Corzine Comes Up With Another Property Tax Relief Scheme
Corzine said floating bonds backed by the new sales tax proceeds could provide a quick and massive one-time influx of cash to "stimulate the right kind of behavior patterns for change" among local governments.We thought Corzine said the state had to extend the sales tax and increase the tax from 6 to 7 percent because New Jersey needed the money to close a budget gap. Now he claims we can use this extra revenue to borrow $7 billion to stimulate change in behavior patterns.
Corzine acknowledged the plan would only provide a one-time source of cash, but said if it was used to bring about consolidation of local government, "you would get a payback" in long-term property tax savings.
If local governments could save money by consolidating and sharing services, shouldn’t the cost savings be enough incentive? Why should the entire state have to a pay a bribe for this to happen?
The governor said the promise of big-money incentives could prompt voters to pressure their local governments and school boards toward consolidation.
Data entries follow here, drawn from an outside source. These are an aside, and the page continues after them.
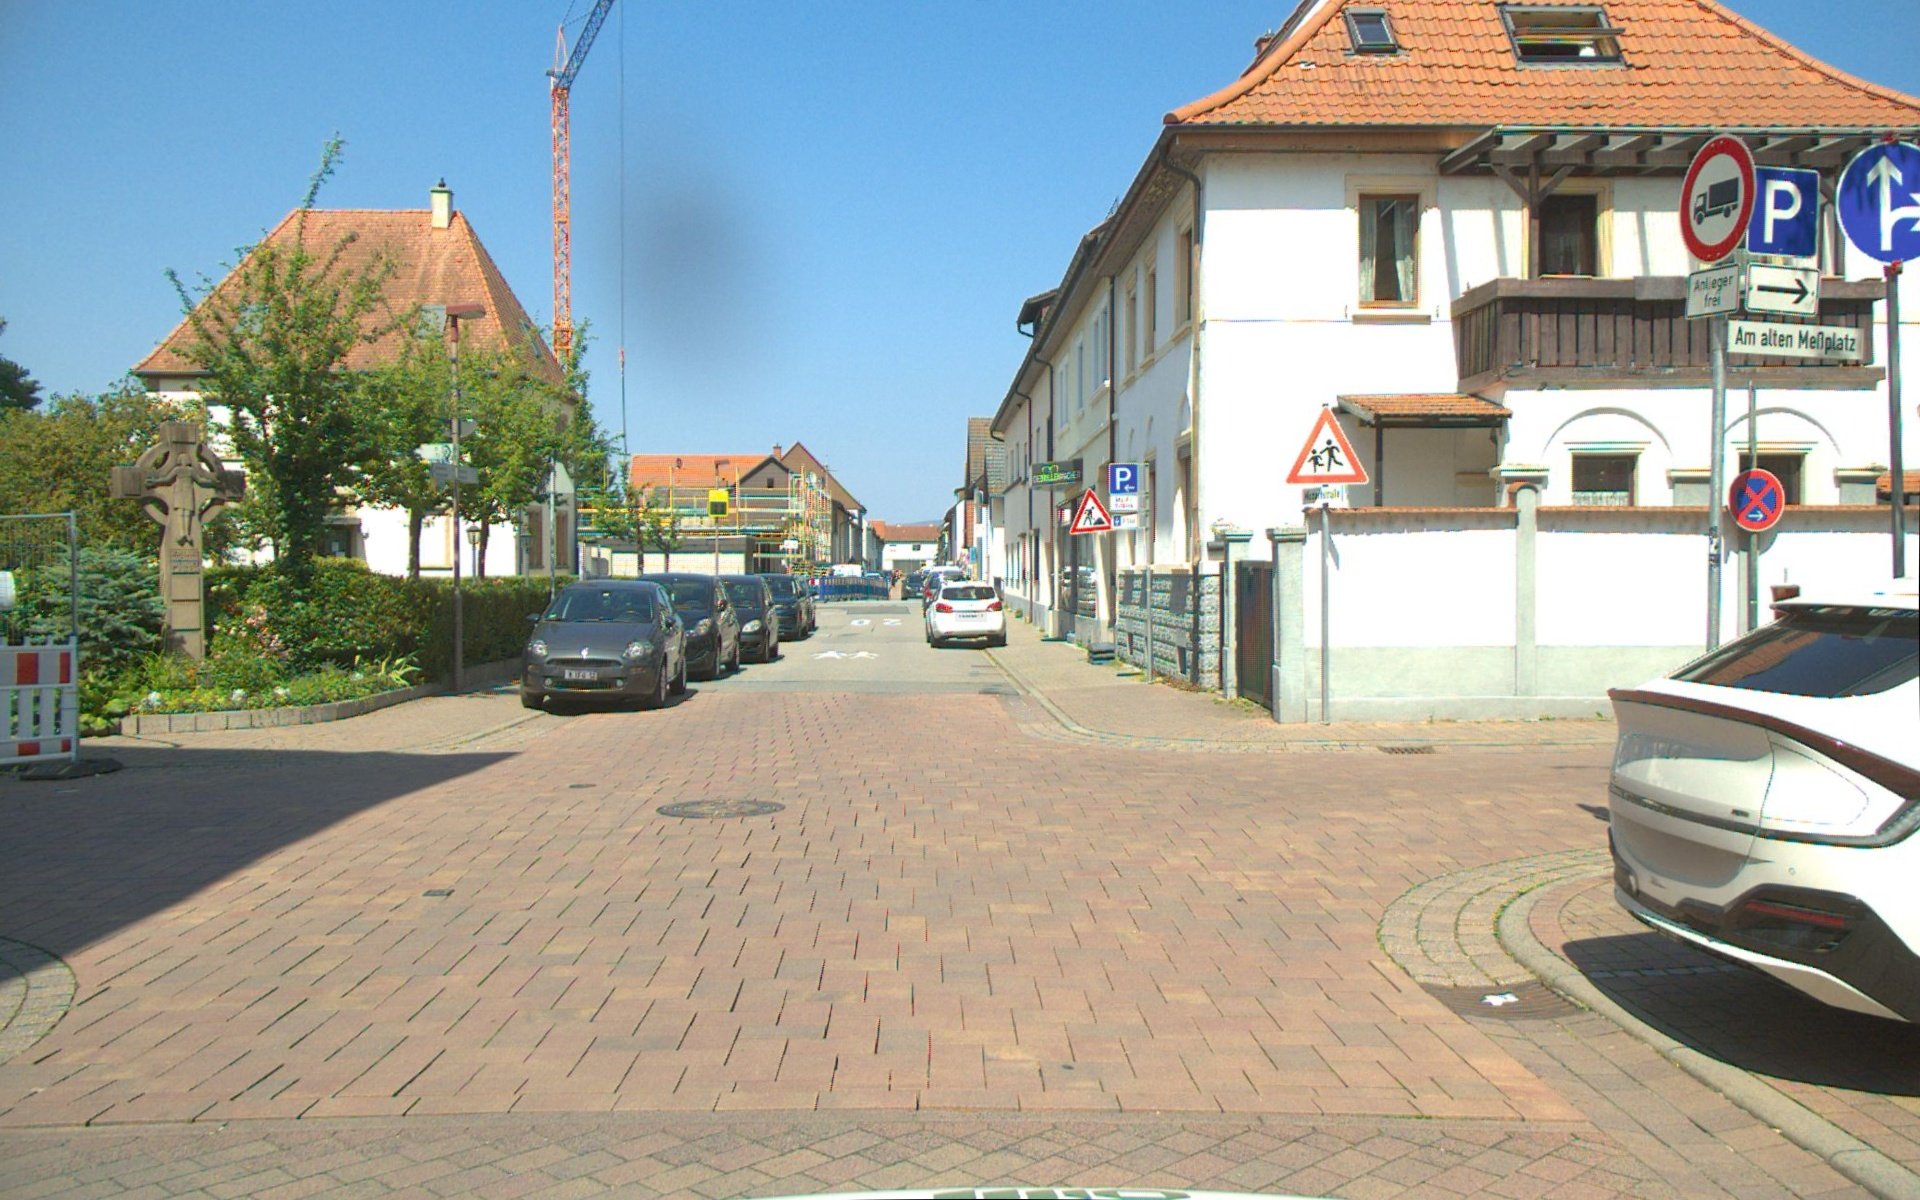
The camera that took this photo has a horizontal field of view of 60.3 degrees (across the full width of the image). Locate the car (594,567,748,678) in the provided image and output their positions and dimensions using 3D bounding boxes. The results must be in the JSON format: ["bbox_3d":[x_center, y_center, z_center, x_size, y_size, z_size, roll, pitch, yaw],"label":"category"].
[{"bbox_3d":[-4.541,0.297,26.527,1.778,1.633,4.024,0,1,0],"label":"car"}]

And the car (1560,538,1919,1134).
[{"bbox_3d":[4.481,0.551,5.423,4.350,1.603,1.788,-2,1,-1],"label":"car"}]

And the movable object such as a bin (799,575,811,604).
[{"bbox_3d":[-6.382,-0.427,68.090,0.423,1.175,0.363,0,1,-11],"label":"movable object such as a bin"}]

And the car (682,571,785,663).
[{"bbox_3d":[-4.353,0.277,32.208,1.605,1.657,3.767,0,1,-2],"label":"car"}]

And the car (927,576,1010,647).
[{"bbox_3d":[0.255,0.235,39.475,1.847,1.569,4.244,0,1,2],"label":"car"}]

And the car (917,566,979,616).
[{"bbox_3d":[-0.459,-0.352,59.281,1.848,1.583,3.891,-4,1,-4],"label":"car"}]

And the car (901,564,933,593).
[{"bbox_3d":[-2.593,-1.304,99.268,1.844,1.697,4.152,0,1,-2],"label":"car"}]

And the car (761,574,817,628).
[{"bbox_3d":[-4.974,-0.009,48.411,1.407,1.500,3.784,0,1,-3],"label":"car"}]

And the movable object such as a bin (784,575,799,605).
[{"bbox_3d":[-6.886,-0.414,67.579,0.610,1.175,0.676,0,1,-9],"label":"movable object such as a bin"}]

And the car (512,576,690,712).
[{"bbox_3d":[-4.370,0.469,20.649,1.669,1.523,3.853,0,1,-5],"label":"car"}]

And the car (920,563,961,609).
[{"bbox_3d":[-0.770,-0.576,64.446,1.532,1.641,3.542,0,3,-2],"label":"car"}]

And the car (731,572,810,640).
[{"bbox_3d":[-4.870,0.120,42.976,1.790,1.659,4.215,0,1,-3],"label":"car"}]
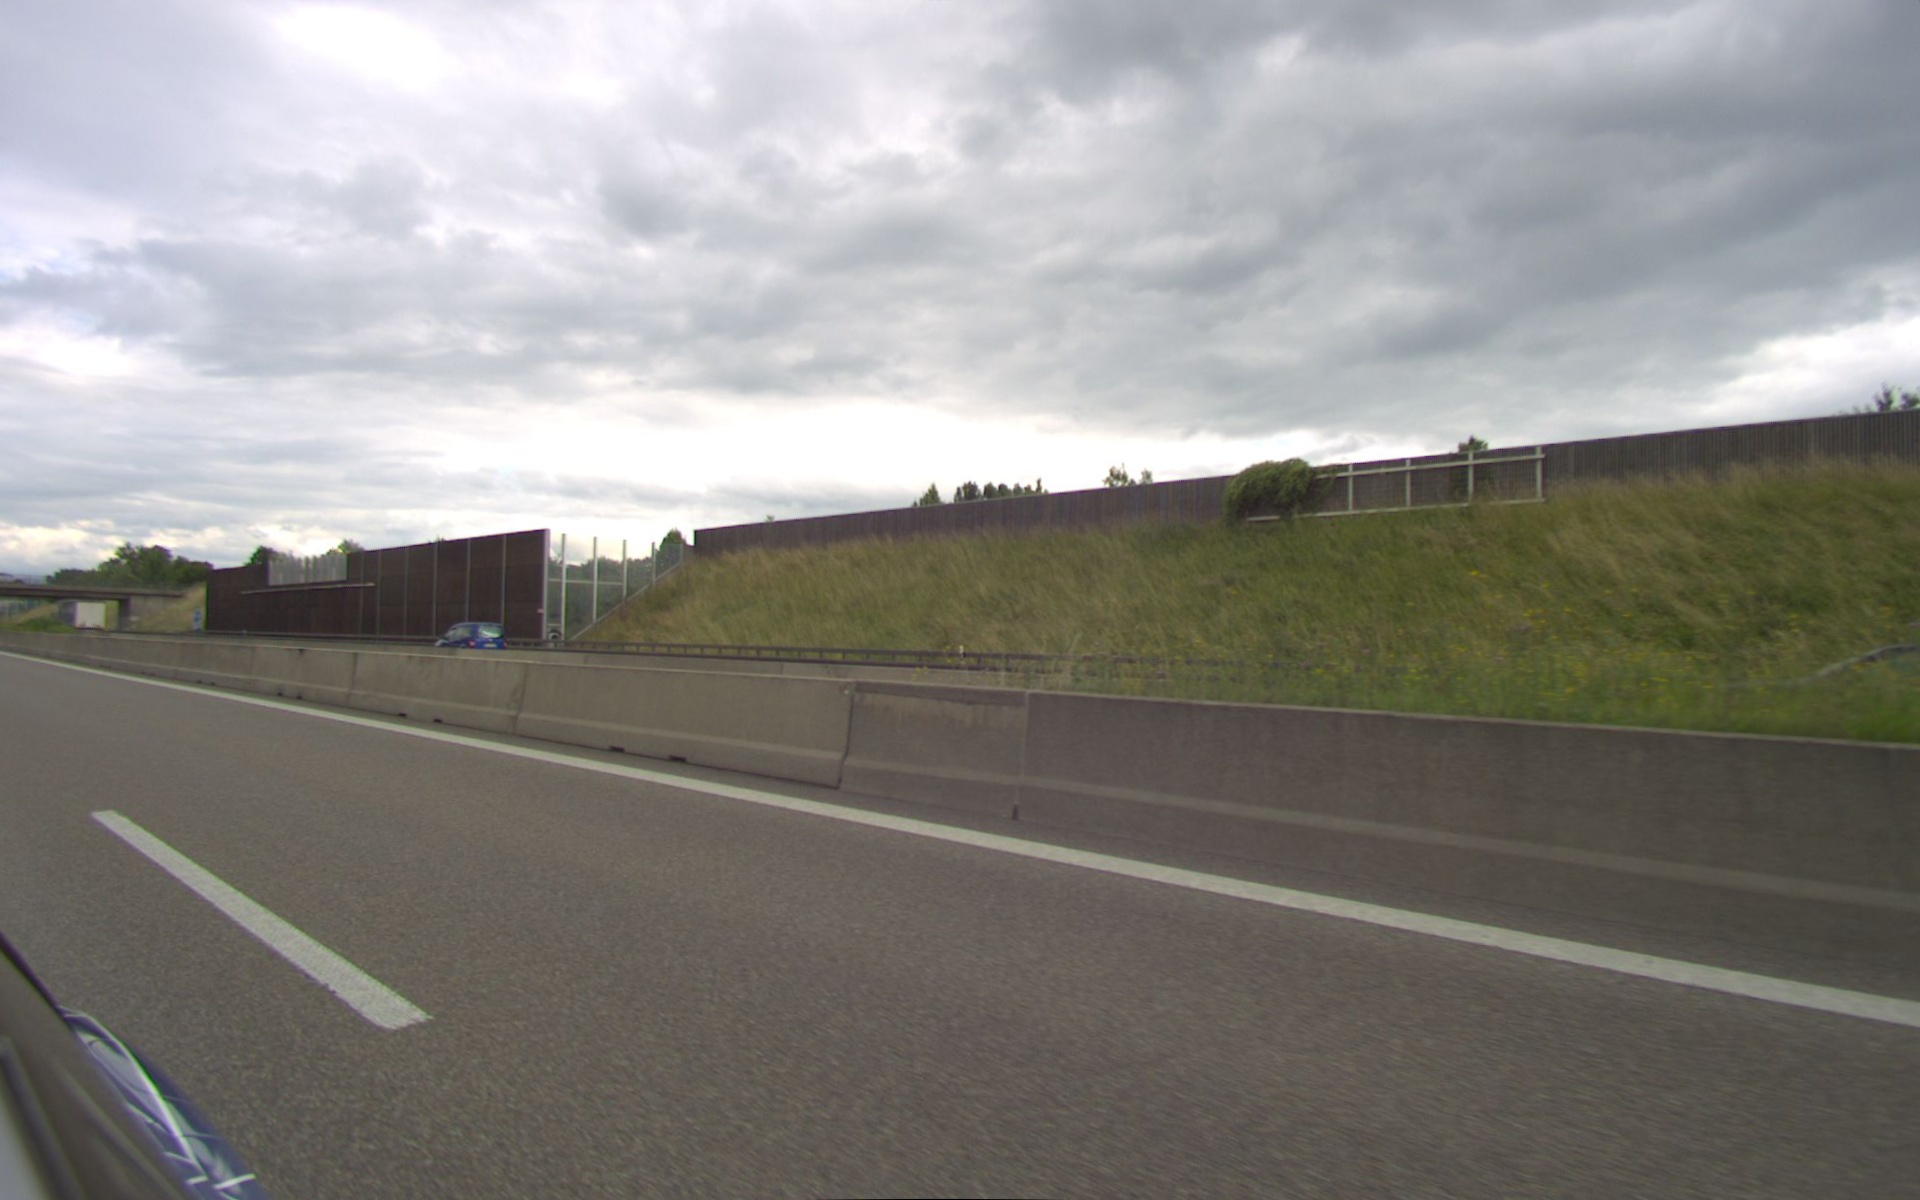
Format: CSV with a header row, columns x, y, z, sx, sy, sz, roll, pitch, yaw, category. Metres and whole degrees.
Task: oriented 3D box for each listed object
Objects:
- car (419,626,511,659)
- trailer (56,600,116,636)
x,y,z,sx,sy,sz,roll,pitch,yaw,category
-22.348,1.875,45.638,4.938,1.374,1.973,-1,0,41,car
-101.284,2.075,117.212,12.674,4.010,3.633,-1,0,42,trailer

He said county governments could offer a "good point of consolidation" for local governments to fold into.Now the truth comes out. Let’s have bigger government and pool all the property tax money into one big county pot. That way, for example, Newark will control how property taxes are raised and spent in Essex County.
"If you wanted to say, okay Essex County, you do these 10 things, we'll give you a billion dollars ... If you don't meet these constraints you don't get the dough," Corzine said. "Then the voter might find it compelling."How about we say, okay Newark, you do these 10 things, and we’ll let you keep getting the billions we send you every year. If you don’t meet these constraints you don't get the dough. The voters in Newark might find that offer compelling too.
"I honestly don't understand what he means," [Sen. Leonard] Lance said of the governor's remarks. "I do not favor borrowing to provide a stream of funding for property tax relief. It violates every principle of sound fiscal policy that I know. It's how we've gotten into trouble in the first place. Here we go again."
State Treasurer Bradley Abelow said borrowing against a dedicated state funding source is not new. Similar borrowing has provided funds for transportation, open space acquisition and, before a 2004 Supreme Court ruling, to balance the budget.
Corzine said the state had several other options to consider for lowering property taxes.
He said the state could "tinker with the income tax brackets" and extend the sales tax to more purchases.So there you have the options Democrats are considering for property tax relief. We can borrow a ton of money, raise the income tax or extend the sales tax even further. Perhaps we could even do all three.
Saving money though shared services and voluntary municipal consolidations, without spending money for bribes, is a good idea. However, if New Jersey’s goal is to reduce the total state and local tax bite, here are the real problems that must be addressed.
New Jersey spends 57 percent more per public student than the national average.
New Jersey’s 31 Abbott* school districts spend 30 percent more per student as compared to the rest of state. Average per-pupil spending in New Jersey school districts is $11,056. Abbott districts average $14,287.
The 31 Abbott* school districts will receive over 56% of property tax relief (state aid) for public schools in 2007 and yet make up only 25 percent of New Jersey’s public school enrollment.
The 31 Abbott* municipalities receive the bulk of all state municipal aid which also reduces local property taxes.
The only solutions to New Jersey’s property tax crisis are through cost containment, especially on salaries and benefits, where the bulk of the relentless cost increases come from and an equitable distribution of state property tax relief funds from existing tax rates and revenue sources.
* Thirty-one of the state’s 566 municipalities are designated as “Abbott” for the purposes of “property tax relief” related to education aid and “needy” for the purposes of “property tax relief” related to all other municipal aid.